◆ **Work instructions**: Copy exactly. Include the line containing "Metres and whole degrees.", every line after it, and the last line below, but no pictures.

(Saved data entries)
------------------------------------------------

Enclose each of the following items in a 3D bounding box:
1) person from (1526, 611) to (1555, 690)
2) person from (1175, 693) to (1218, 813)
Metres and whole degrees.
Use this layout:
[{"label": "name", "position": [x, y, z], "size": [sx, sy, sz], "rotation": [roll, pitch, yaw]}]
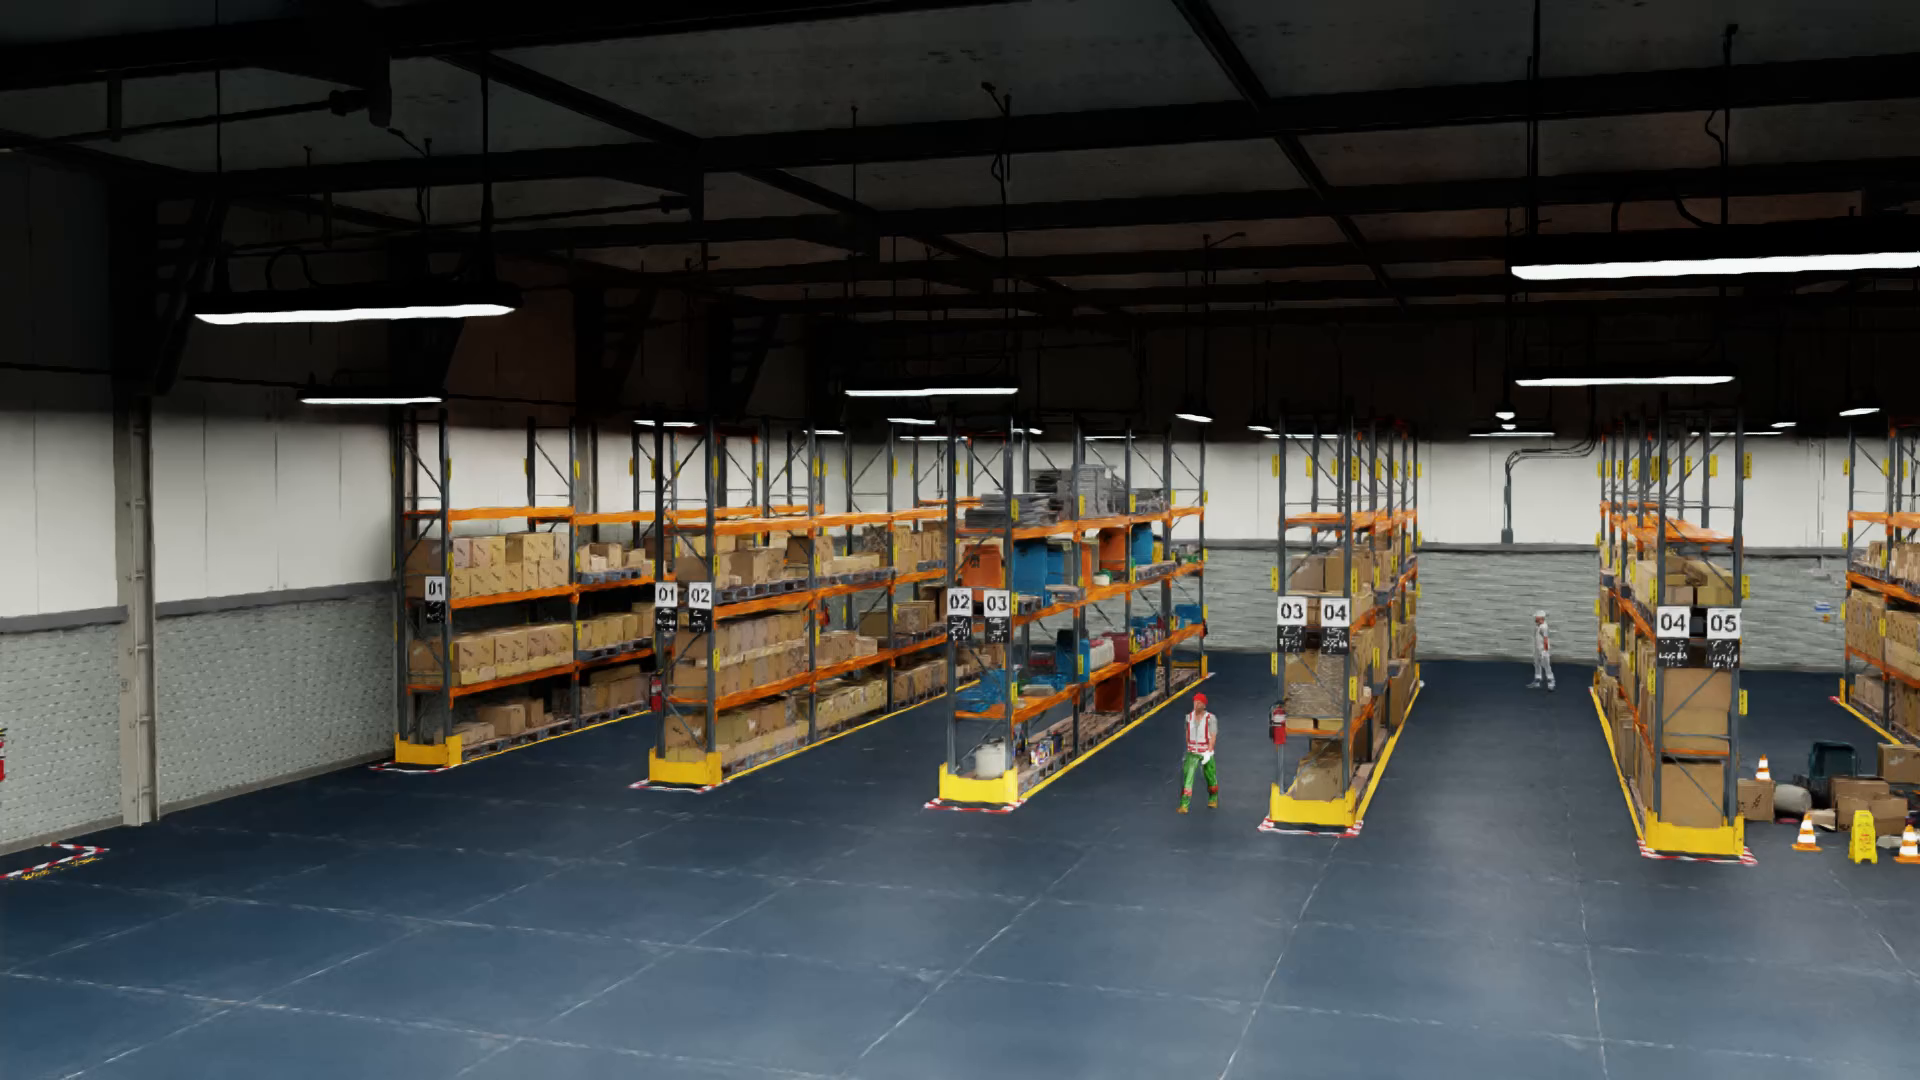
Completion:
[{"label": "person", "position": [13.165, 2.498, 37.637], "size": [0.539, 1.792, 0.664], "rotation": [0, 2, 2]}, {"label": "person", "position": [3.492, 3.086, 24.190], "size": [0.531, 1.728, 1.037], "rotation": [1, 3, 27]}]
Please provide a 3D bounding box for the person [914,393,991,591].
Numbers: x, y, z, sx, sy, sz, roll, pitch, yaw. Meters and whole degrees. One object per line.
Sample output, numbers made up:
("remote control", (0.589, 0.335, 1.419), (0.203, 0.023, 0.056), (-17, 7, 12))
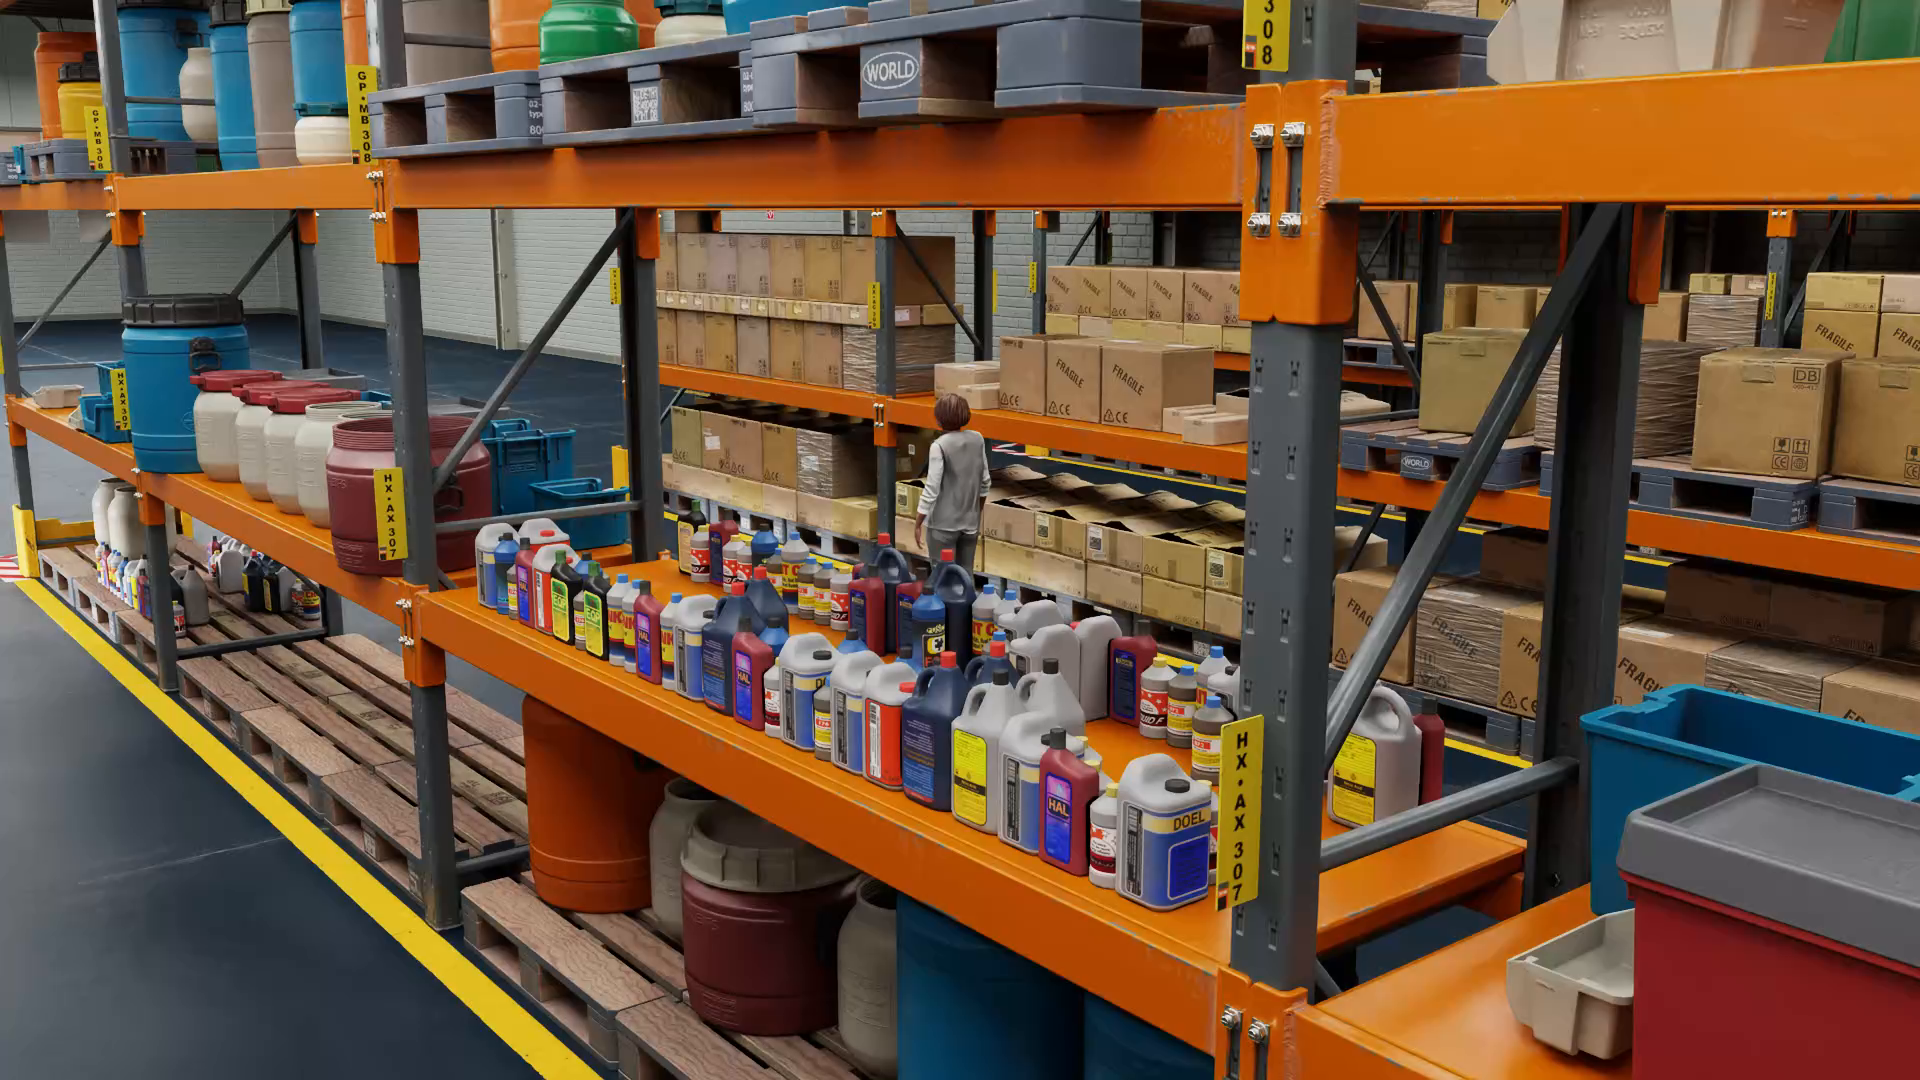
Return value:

------------------------------------------------

◆ **Output below**:
Metres and whole degrees.
Use this layout:
[{"label": "name", "position": [x, y, z], "size": [sx, sy, sz], "rotation": [roll, pitch, yaw]}]
Completion:
[{"label": "person", "position": [13.165, 2.498, 37.637], "size": [0.539, 1.792, 0.664], "rotation": [0, 2, 2]}, {"label": "person", "position": [3.492, 3.086, 24.190], "size": [0.531, 1.728, 1.037], "rotation": [1, 3, 27]}]
Please provide a 3D bounding box for the person [914,393,991,591].
Numbers: x, y, z, sx, sy, sz, roll, pitch, yaw. Meters and whole degrees. One object per line.
Sample output, numbers made up:
("remote control", (0.589, 0.335, 1.419), (0.203, 0.023, 0.056), (-17, 7, 12))
Return value:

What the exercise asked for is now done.